I am most interested in the lilo or grub installation method on this mac. It is not hardware locked to "OSX Lion" is it?

Thank you for advice.

----------

## gentoo_ram

You would need some kind of EFI bootloader since Macs use EFI.  I think Grub2 does EFI, but I'm really not sure.  Standard Grub and LILO certainly don't do EFI.  

Looks like what you want is rEFIt.  http://refit.sourceforge.net/

----------

## gemarcano

You could also look into rEFInd, which is based off rEFIt. The programmer for it seems to take Macs into consideration when releasing updates (there are a few fixes for Macs) so this might work as well. On  the same website, here, it also talks about something that might work in your case, if you plan to have a single OS on the Mac. The Linux kernel's EFI stub loader is probably the most stable way to go, from experience at least on a PC. Hope that helps!

----------

## khayyam

kramdolf ...

yes, single booting is quite possible, and there are other choice of efi bootloader/bootmanager besides grub and elilo, infact you can boot the kernel directly (using efi stub) if you so wish and not have a bootloader/bootmanager at all. The only bootloader I would avoid is rEFIt (not to be confused with rEFInd ... which is excelent, and I can hightly recommend).

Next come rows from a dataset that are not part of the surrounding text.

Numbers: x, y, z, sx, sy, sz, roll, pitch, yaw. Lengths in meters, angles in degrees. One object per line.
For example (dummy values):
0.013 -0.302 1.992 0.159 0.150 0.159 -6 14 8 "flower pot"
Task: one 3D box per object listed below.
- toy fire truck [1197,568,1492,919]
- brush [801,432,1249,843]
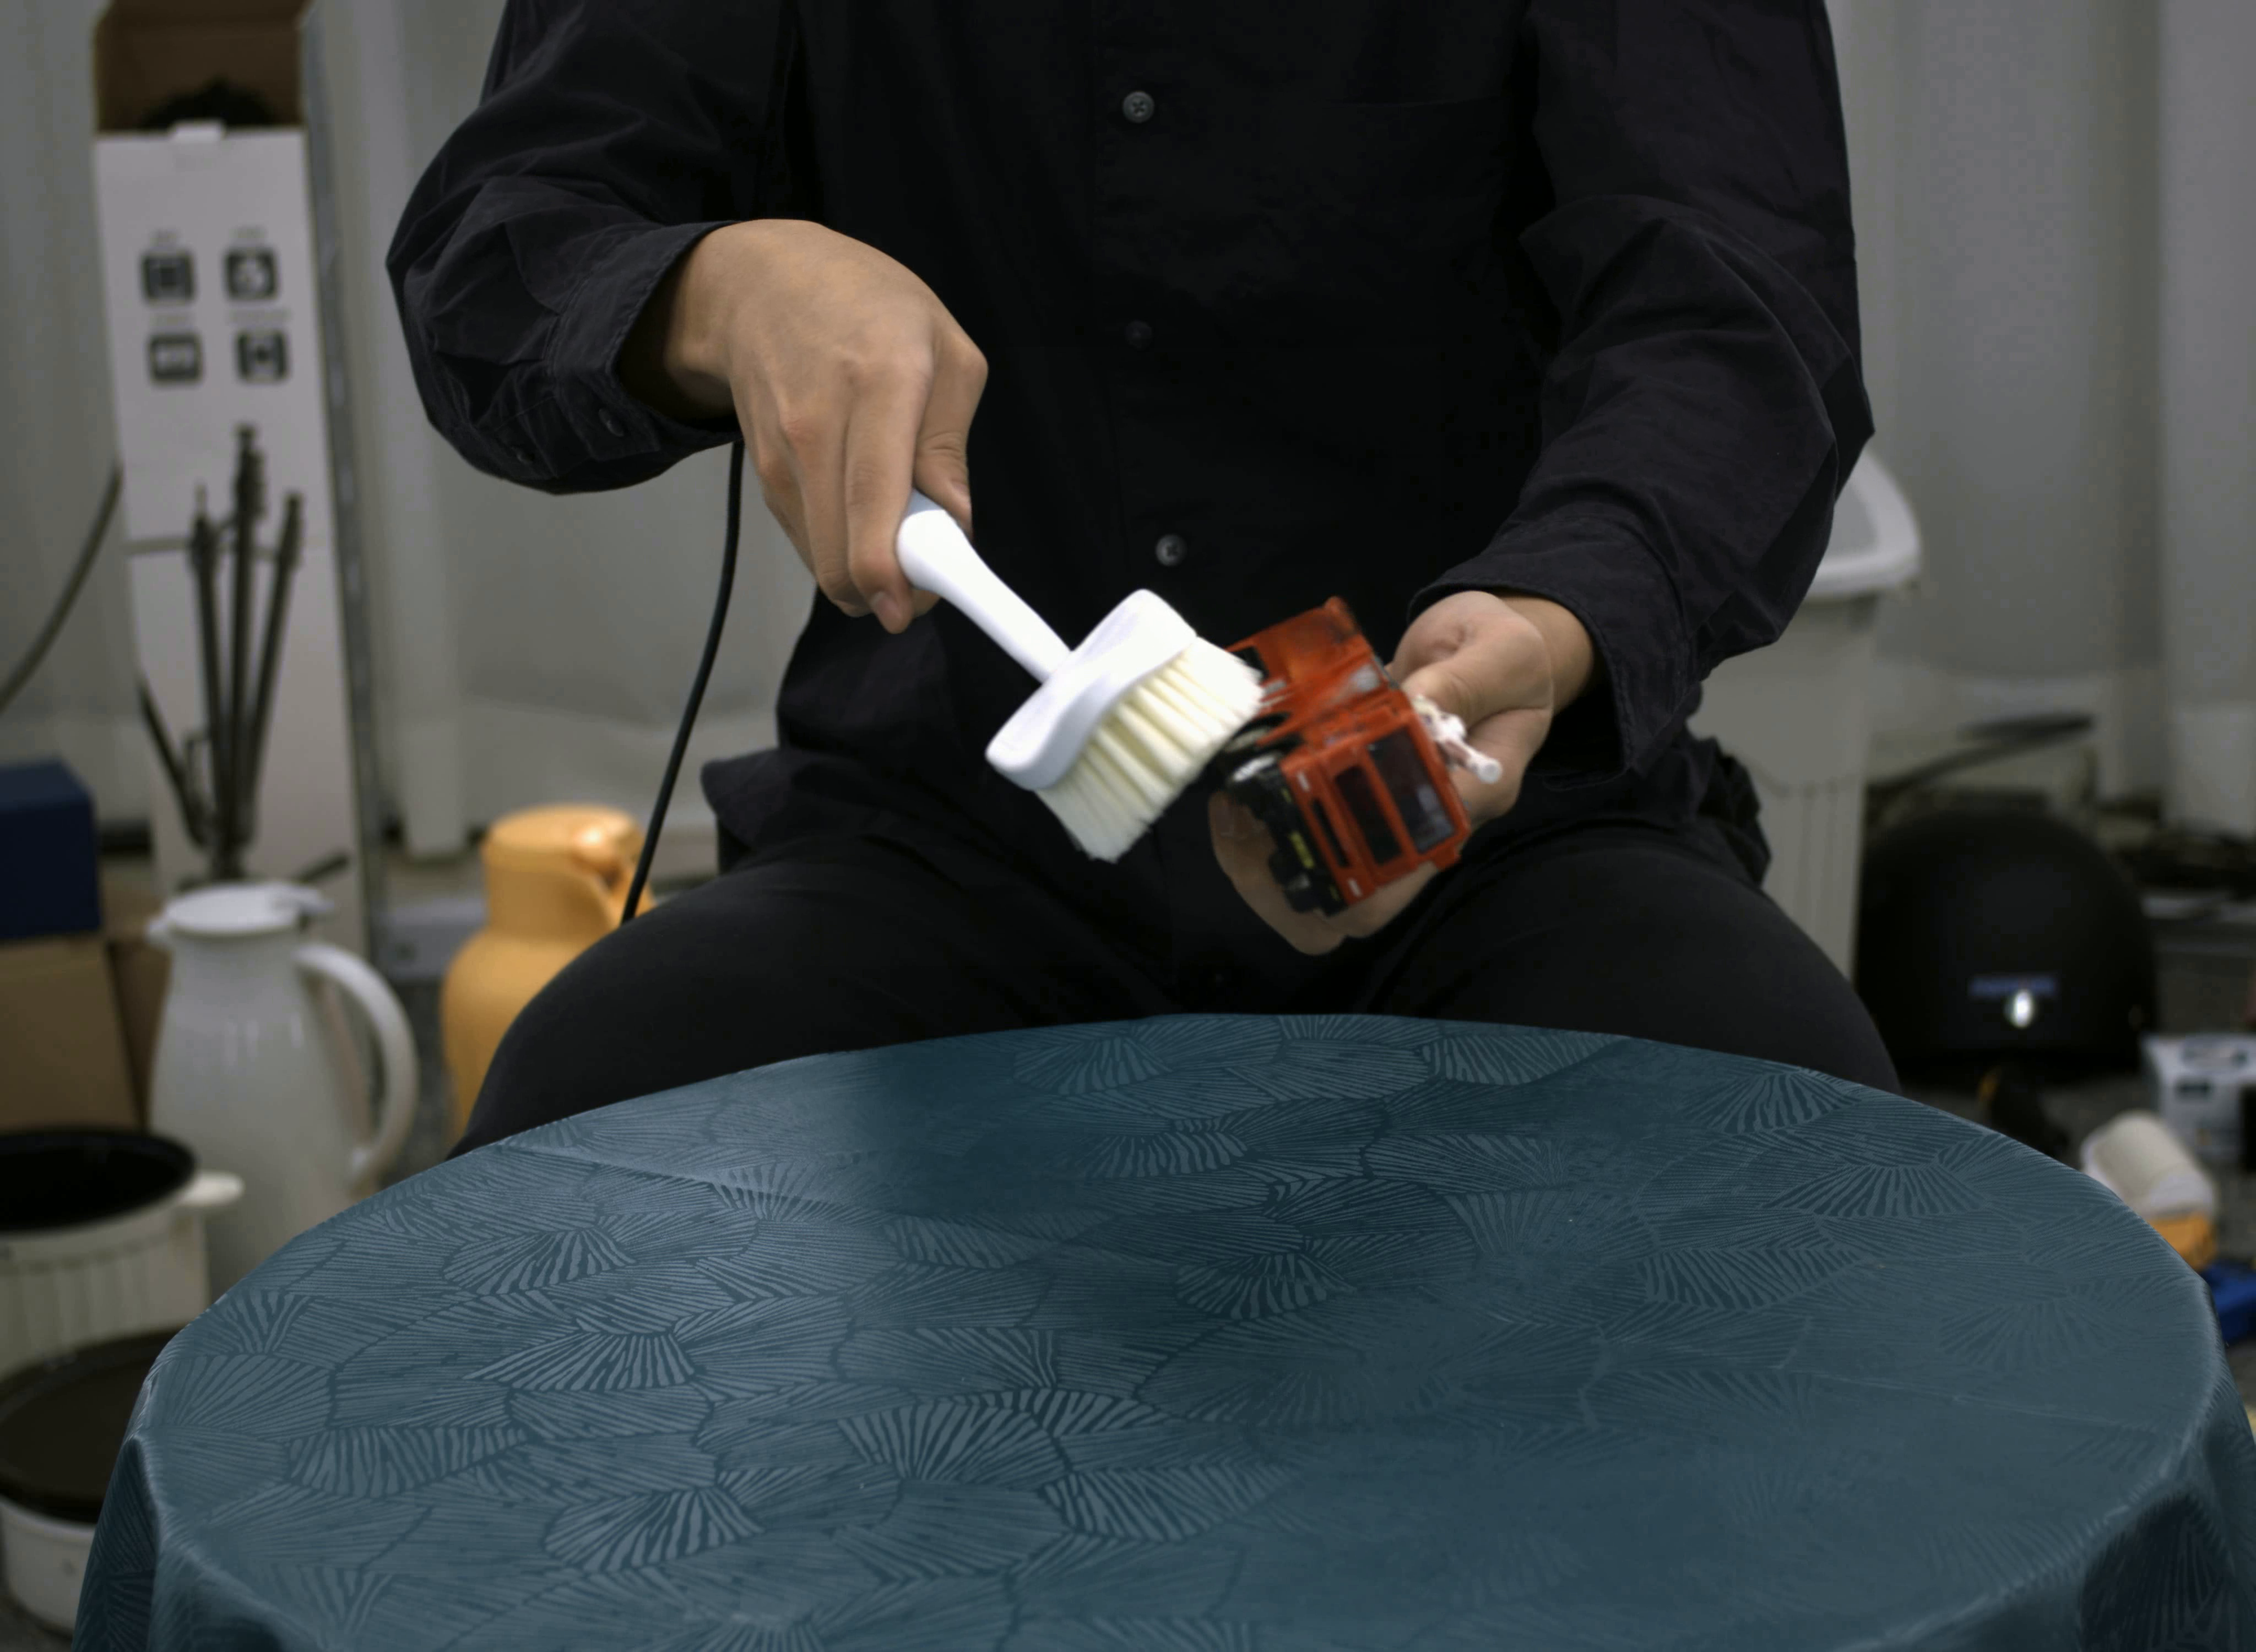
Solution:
0.056 -0.025 1.518 0.070 0.054 0.169 -26 15 0 "toy fire truck"
-0.024 -0.058 1.631 0.083 0.084 0.328 -13 17 -12 "brush"

The only issue that stands in your way is that in order to configure efi you need to boot efi, and as many install disks (gentoo's included) don't support this (currently) you will need to find one that does (or roll your own USB bootdisk). There is a work arround for this (ie: installing, setting a default /efi/boot/bootx64.efi, rebooting using apple 'Boot EFI' by holding the 'alt' key, and then configuring the efi firmware to load whatever bootloader you want) but its far better to have a bootdisk that supports efi booting/efivars so you don't have to do such convoluted things.

So, the disks I know to boot efi are the recent sysrescuecd beta, and probably Ubuntu, and RH/Fedora, these can then be used as your install disk as it don't matter what disk you boot from the install process for gentoo is the same.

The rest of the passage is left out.